Leah ferma les yeux un bref instant. Elle n’osait imaginer la douleur des proches. Comment continuer à vivre sans avoir de réponses ? C’était sans doute ça le plus terrible : l’absence de certitudes. En cas de décès, de meurtre, de suicide, les familles récupéraient le corps pour l’enterrer et pouvaient faire leur deuil. Mais une disparition ?
— Leah ?
La voix inquiète d’Alice sorti la jeune femme de sa torpeur :
— Oui, hum…désolé. Je…je me disais que ça doit être affreux pour les familles.
— C’est certain. Ils espèrent bien sûr recevoir un jour de bonnes nouvelles mais après cinq ans, c’est compliqué de rester optimiste.
— Quelle est ta théorie au sujet de ces disparitions ? Tu crois qu’elles sont liées ? s’enquit Leah.
— Je pense que oui. Même si…ha je ne sais pas, c’est tellement étrange tout cela. Mary Odsey, Erika Callhoway et Brianna Masbrough se connaissaient mais les cinq autres ? Je ne trouve aucun lien entre elles. S’il n’y avait eu que des femmes de Bluebell Hill, peut-être que l’enquête aurait évolué plus vite. À moins que les deux touristes soient des victimes collatérales.

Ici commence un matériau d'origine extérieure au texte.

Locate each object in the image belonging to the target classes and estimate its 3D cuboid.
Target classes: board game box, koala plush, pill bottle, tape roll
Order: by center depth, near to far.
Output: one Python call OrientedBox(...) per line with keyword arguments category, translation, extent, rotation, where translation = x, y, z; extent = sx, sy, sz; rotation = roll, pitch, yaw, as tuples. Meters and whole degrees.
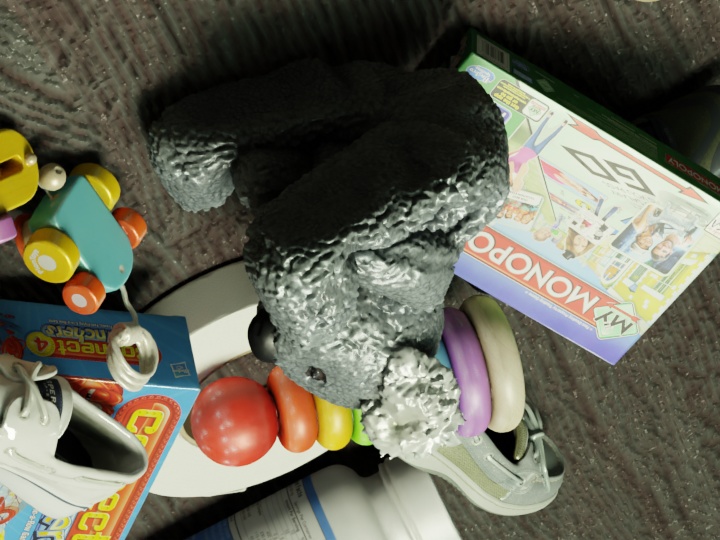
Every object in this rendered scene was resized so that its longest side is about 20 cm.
OrientedBox(category="koala plush", translation=(0.000, 0.000, 1.647), extent=(0.183, 0.177, 0.201), rotation=(-22, 133, -19))
OrientedBox(category="board game box", translation=(-0.218, 0.102, 1.728), extent=(0.195, 0.056, 0.200), rotation=(6, 136, -23))
OrientedBox(category="board game box", translation=(0.108, -0.040, 1.731), extent=(0.199, 0.029, 0.135), rotation=(29, 122, -18))
OrientedBox(category="tape roll", translation=(-0.069, 0.066, 1.835), extent=(0.202, 0.037, 0.203), rotation=(-19, 147, -13))
OrientedBox(category="pill bottle", translation=(-0.033, 0.199, 1.976), extent=(0.199, 0.113, 0.112), rotation=(-26, 148, 1))

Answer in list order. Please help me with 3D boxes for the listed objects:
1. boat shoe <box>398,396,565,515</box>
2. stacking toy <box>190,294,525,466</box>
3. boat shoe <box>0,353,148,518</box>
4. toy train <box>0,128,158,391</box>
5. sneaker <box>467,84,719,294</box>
OrientedBox(category="boat shoe", translation=(0.081, 0.106, 1.965), extent=(0.065, 0.075, 0.202), rotation=(-36, 140, 22))
OrientedBox(category="stacking toy", translation=(-0.005, 0.078, 1.794), extent=(0.199, 0.086, 0.086), rotation=(-14, 146, -13))
OrientedBox(category="boat shoe", translation=(-0.186, 0.073, 1.605), extent=(0.065, 0.074, 0.200), rotation=(-21, 152, 21))
OrientedBox(category="toy train", translation=(-0.192, 0.001, 1.577), extent=(0.055, 0.151, 0.200), rotation=(-11, 164, 34))
OrientedBox(category="sneaker", translation=(0.143, -0.057, 1.784), extent=(0.199, 0.074, 0.081), rotation=(-29, 144, 1))

— Du genre au mauvais endroit au mauvais moment ?
— Possible oui, admit Alice.
— Et où se situe Ashleigh Wadhurst ?
— Alors ça, je n’en ai aucune idée. Peut-être que ce n’est pas lié aux autres disparitions. Mais ce dont je suis certaine, c’est que les prochaines semaines seront loin d’être réjouissantes.
Les deux jeunes femmes passèrent le reste de la soirée à discuter de sujets plus légers. Cependant l’ambiance restait tendue. Et lorsqu’Alice rentra chez elle, Leah resta sur le pas de sa porte pour s’assurer qu’il n’arrivait rien de fâcheux à son amie.